--- Task brief ---
Work out how many lines in the entries below include the word "tree", and give only that figure.

--- Dataset records ---
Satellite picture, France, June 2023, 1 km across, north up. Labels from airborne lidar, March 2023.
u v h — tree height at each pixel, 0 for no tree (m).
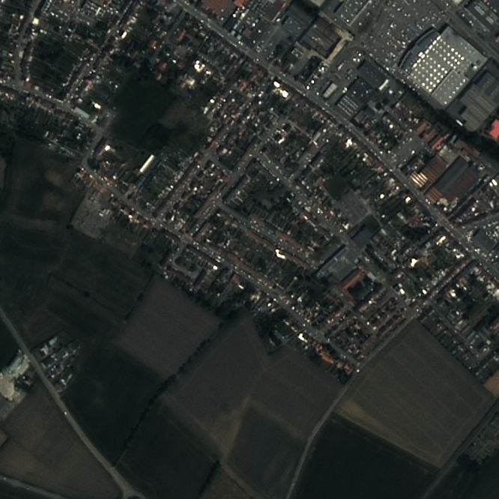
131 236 0
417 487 0
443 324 0
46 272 0
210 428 0
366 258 0
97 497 0
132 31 0
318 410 0
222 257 0
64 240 0
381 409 0
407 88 6
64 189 0
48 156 0
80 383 0
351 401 0
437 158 0
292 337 0
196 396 0
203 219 0
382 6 0
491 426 0
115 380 0
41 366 0
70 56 0
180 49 0
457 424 0
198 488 0
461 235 0
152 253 7
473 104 0
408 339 0
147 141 0
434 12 0
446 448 0
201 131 0
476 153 0
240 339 0
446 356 0
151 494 0
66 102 0
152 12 11
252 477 0
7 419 0
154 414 0
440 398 0
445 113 9
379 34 0
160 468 0
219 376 0
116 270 0
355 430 0
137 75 0
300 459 0
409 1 0
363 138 0
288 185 0
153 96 0
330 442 0
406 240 0
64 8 0
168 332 0
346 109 0
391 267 0
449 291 0
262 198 0
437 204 0
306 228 0
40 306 0
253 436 0
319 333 0
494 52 0
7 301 0
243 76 6
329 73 0
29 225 0
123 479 0
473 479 0
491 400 0
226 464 0
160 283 0
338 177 0
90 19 0
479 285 0
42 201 0
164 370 0
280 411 0
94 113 0
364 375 0
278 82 0
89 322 0
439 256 0
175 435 0
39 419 0
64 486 0
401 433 0
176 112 0
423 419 0
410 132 0
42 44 9
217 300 0
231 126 0
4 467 0
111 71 0
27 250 0
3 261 0
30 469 0
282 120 0
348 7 0
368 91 0
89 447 0
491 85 0
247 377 0
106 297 0
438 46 0
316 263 0
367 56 0
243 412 0
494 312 8
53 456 0
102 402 0
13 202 0
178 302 0
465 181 0
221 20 0
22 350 0
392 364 0
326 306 8
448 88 0
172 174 0
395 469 0
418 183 0
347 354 0
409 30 0
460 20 0
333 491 0
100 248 0
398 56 0
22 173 0
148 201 0
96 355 0
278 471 0
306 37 0
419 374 0
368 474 0
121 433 0
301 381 0
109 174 0
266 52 0
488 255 0
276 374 0
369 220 0
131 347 0
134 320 0
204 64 0
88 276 0
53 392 0
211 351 0
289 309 0
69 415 0
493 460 0
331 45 0
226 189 0
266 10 0
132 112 0
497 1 0
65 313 0
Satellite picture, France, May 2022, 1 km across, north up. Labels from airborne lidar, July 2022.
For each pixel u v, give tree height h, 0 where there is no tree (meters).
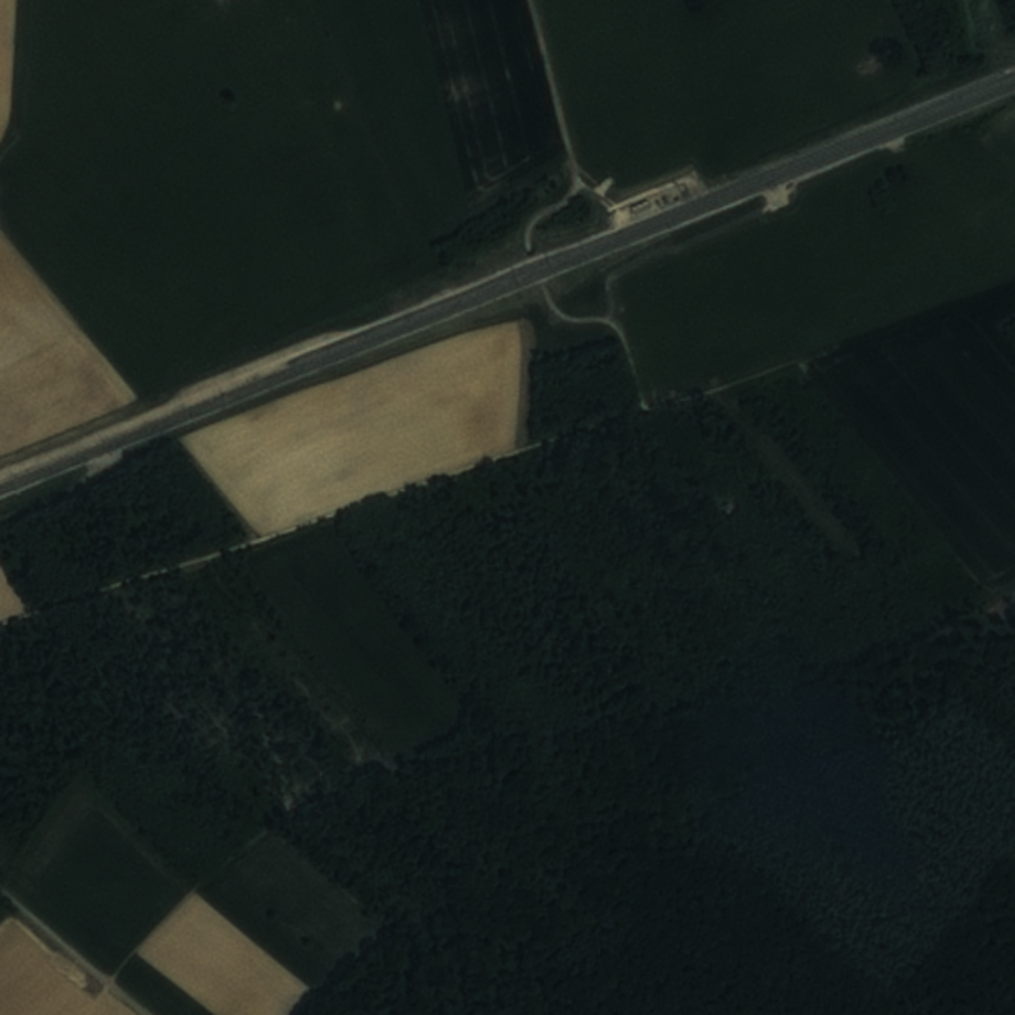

--- The answer ---
2